The cat wasn't even glass. He/she/it was a kiosk-sold plastic trinket meant to appease kids while Ma and Pa power-shopped the mall four days prior to Christmas.

We -- my wife, nephew, niece, daughter Flannery, 3, and I -- had come to Battle Creek for the "Light Zoo": Binder Park Zoo, twinkling for the holidays.

Visions of snow leopards, buffalo snorting steam, hand-feeding reindeer ... were dashed at the unlit and gated entry. Ma and Pa had assumed -- ASS of U and ME -- that the Light Zoo would last forever.

We'd driven two hours, car crammed with soon-to-awaken kiddies expecting fun on a Sunday night in a city strange to us. Joseph and Mary found a manger; we found a mall.

Up and down crowded aisles we traipsed, my runner's instincts crying, "The horror!" at Muzak and manikins, food courts, fountains; the holy artifice and whole premise of a mall and its night acquisitors -- which the children, of course, adored.

There, on a mirror in a booth, stood Billy: a polyurethane, inch-high kitty produced with millions of other faux felines for a couple cents each in China. Flannery fell in love with Billy. The acned kiosk queen asked if I wanted to buy the mirror with him. No. One image and $1.99 were enough for Billy; in fact, too much.

The whole ride home, Flannery clung to Billy. She fell asleep with him while I fretted. Changes at work faced me with unknowns: both exciting, stressful. No time to run and I couldn't sleep, thoughts and fears racing, raging ...

And these were the longest nights of the year.

At dawn Monday I bundled Flannery, still sleeping, in a blanket and tucked Billy in my pocket. I carried both, crunching through the snow, to a pre-warmed car, drove them off to daycare.

I left Flannery with Julie, the daycare woman, and fought the urge to join other children, in footed jammies, zonked on couches while cartoons capered on a big screen with the sound off, and aromas of oatmeal, sweet cream, butter and brown sugar welcomed waking.

Instead steeled myself, steered my mechanical steed toward work, braced myself with battle cries. "We are the champions! No stopping us!" Something poked my thigh. It was Billy.
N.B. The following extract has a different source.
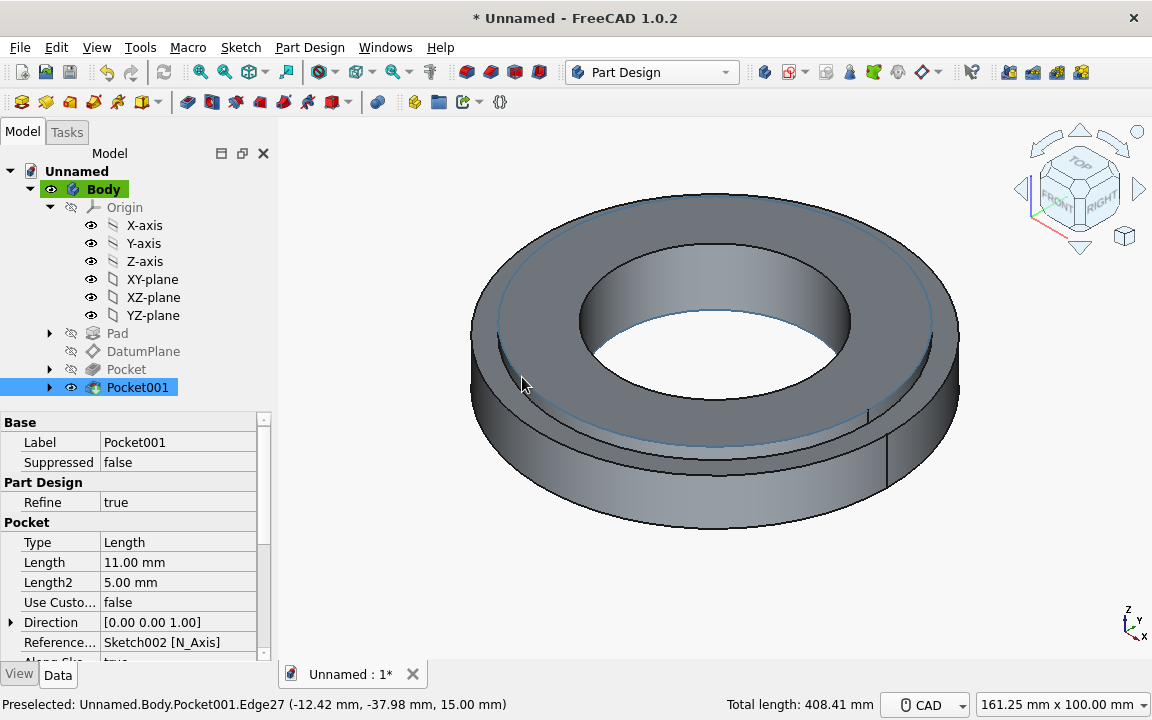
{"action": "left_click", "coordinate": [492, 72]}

I was locked on a freeway, with other champions, bound for duty and tuned to radios, cell phones, fantasies. We were gulping coffee and fast food, changing lanes, seeking openings in the rush.

My daughter would not miss Billy. By the time she woke up, she would probably have forgotten him. For the time this would take ...

I pulled off at the nearest exit and turned around.

"She's still sleeping," said Julie as I gave her the plastic cat. TV light shadows danced on the children's faces. I felt I'd awakened from a trance I'd not known I'd been in, and apologized for forgetting.

"Easiest thing in the world to do," Julie said.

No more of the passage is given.